4.26 AVERAGE

adventurous dark mysterious medium-paced
Plot or Character Driven: A mix
Strong character development: Yes
Loveable characters: Yes
Diverse cast of characters: Yes
challenging emotional reflective fast-paced
Plot or Character Driven: Plot
Strong character development: Complicated
Loveable characters: Complicated
Diverse cast of characters: Yes
Flaws of characters a main focus: No

i looooooooooooooooooooooooooooooooooooooooooooooooooooooooooooooooooooooved "the bloody chamber" and some of the other fairytale re-imaginings from that particular collection but a lot of the other stories didn't really grab me. carter is a fantastical, brilliant writer tho and i'd be happy to revisit the other stuff separately.
challenging dark mysterious slow-paced
Plot or Character Driven: A mix
Strong character development: Complicated
Loveable characters: Complicated
Diverse cast of characters: Complicated
Flaws of characters a main focus: Complicated

First of all, don't do what I did and read this cover to cover. I'd advise reading The Bloody Chamber and Black Venus first, then go back and read the older collections and the most recent one. It was really hard to get into the first stories without having a solid formulation in my head of how Angela Carter writes, because a lot of those earlier stories feel a little half-formed, like she's working out ideas and doesn't quite have a handle on where the stories are going. It would be much more interesting to have read her great pieces and then to go back and see where her work started. I'm going to do a sort of mini-review of each collection.

Early Work, 1962-6 I barely remember these stories. "The Man Who Loved a Double Bass" is okay, but these three stories don't feel developed.

Fireworks: Nine Profane Pieces The ending of the second story of the collection, "The Executioner's Beautiful Daughter" is the first moment I was like, oh, OH OH this is what Angela Carter is all about. It's a horrifying tale of what a man with power can do. "The Loves of Lady Purple" and "Master" are both solid stories about women taking revenge of the men who use them. "Reflections" is truly wild, I have no idea what it is about, but it's worth reading just for the wtf-ness of it.
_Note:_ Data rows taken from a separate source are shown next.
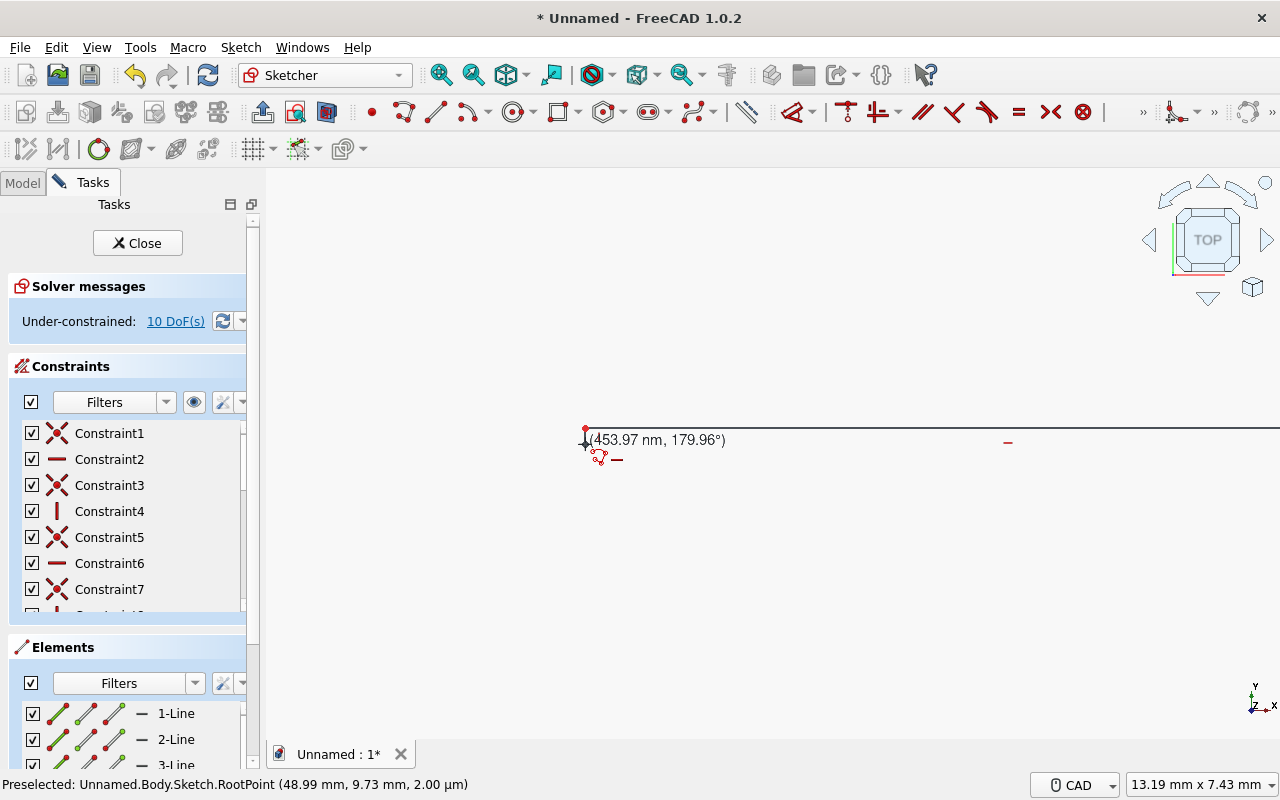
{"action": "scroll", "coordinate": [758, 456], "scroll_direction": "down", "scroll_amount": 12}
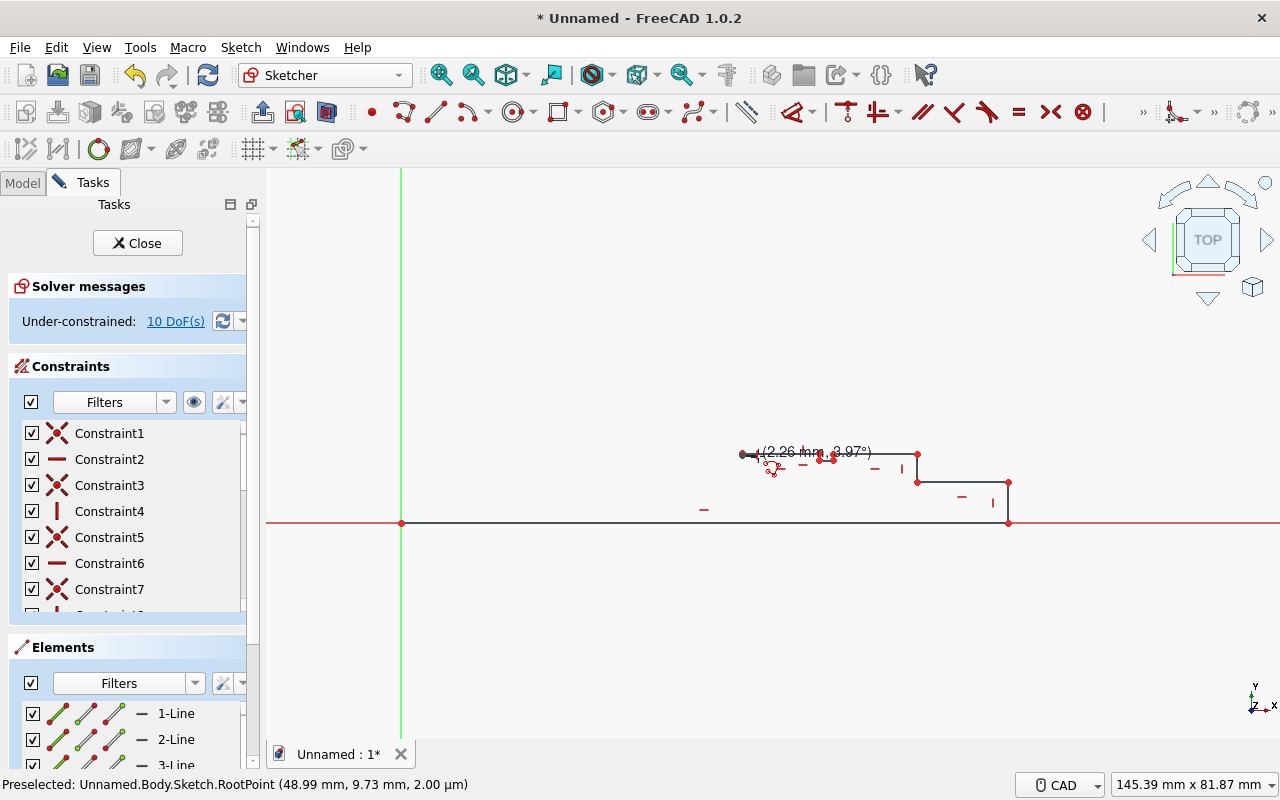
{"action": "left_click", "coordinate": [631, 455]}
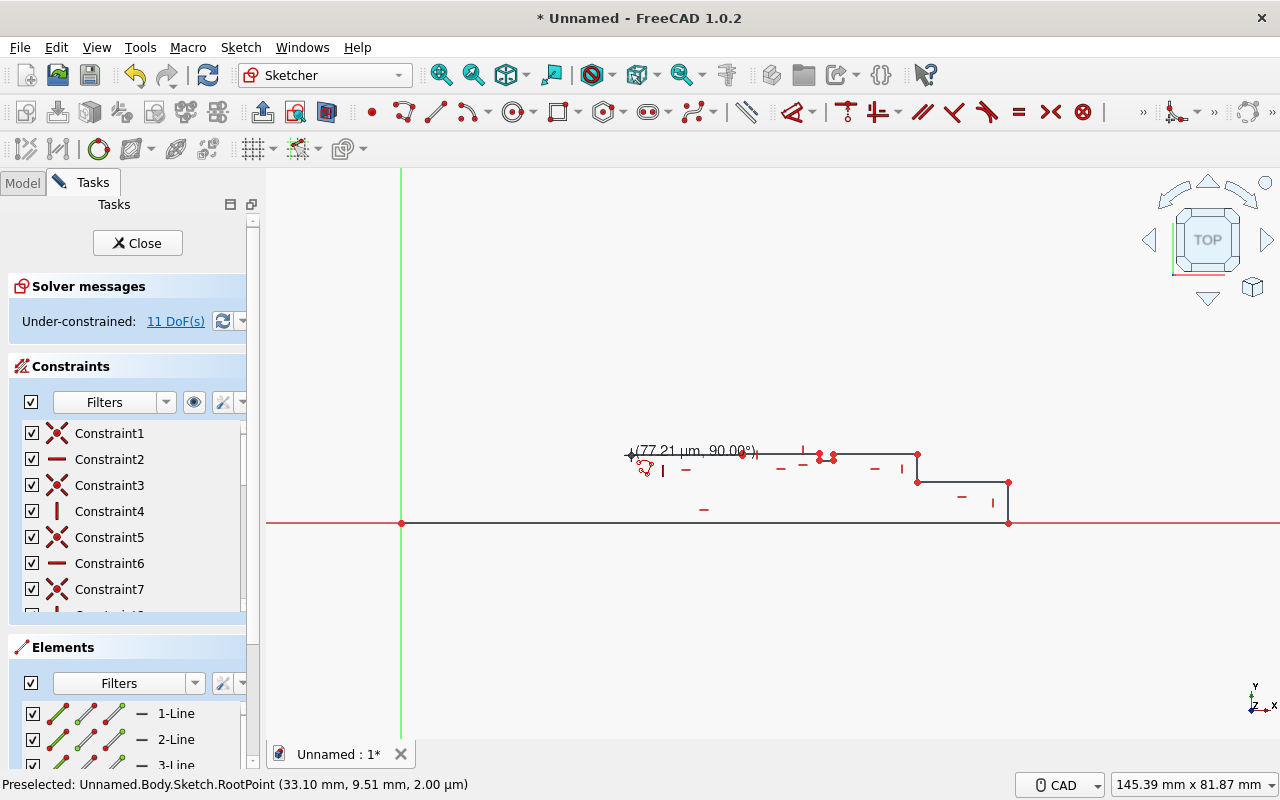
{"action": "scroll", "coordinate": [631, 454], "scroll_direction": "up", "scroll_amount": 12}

The Bloody Chamber Brilliant retelling of fairy tales, especially the titular story, "The Lady of the House of Love" and "The Company of Wolves." This is where I think Carter really perfected her very eloquent and descriptive style in a way that worked with the stories and didn't get too tedious to read.

Black Venus Again, the titular story is the best, and I think I may have enjoyed this collection more than The Bloody Chamber. It's an imagining of various women throughout history.

American Ghosts and Old World Wonders I was a bit ambivalent about this collection, I think "Lizzie's Tiger" and "Gun for the Devil" are the strongest stories.

Uncollected Stories, 1970-81 Nothing to write home about.

I'll definitely revisit The Bloody Chamber and Black Venus at some point.

Took a long time to get through. The first few stories were pretty slow going, but they did get better.
Her essays were way better. If I'd bought this first, I probably wouldn't have tried the essays, and that would have been a shame.

Not the easiest read.... But the descriptive prose (in some places) is incredibly vivid. I couldn't help feeling that some of the stories were obnoxious just for the sake of it though....

Angela Carter takes care to explain that she writes 'tales,' not 'short stories.' They don't try to portray a scene from every-day life. Rather they grab hold of some Gothic symbol dredged up from the deep unconscious and move through its own improbable but inevitable story arc.

I loved these stories. I love the patchwork forays they make into the interior realms and collective unconscious. Carter once explained her work by saying "We live in Gothic times." Amid all the fluorescent office lighting and bone-dry corporate bureaucracies, I feel this too, that this is an unacknowledged Gothic time, with uncanny horror always close to the surface.

I liked the re-tellings of the fairy tales best.

I would've been a big fan of her prose 5-10 years ago, right now I just find it kind of pretentious, especially her earlier stories.

A collection of stories that read at times like discourse on the idea of stories, deconstructed as they go - so at times difficult and laboured. Also: smoky, purple, repetitive, othering, verbose.
but there is so much in them and they keep giving.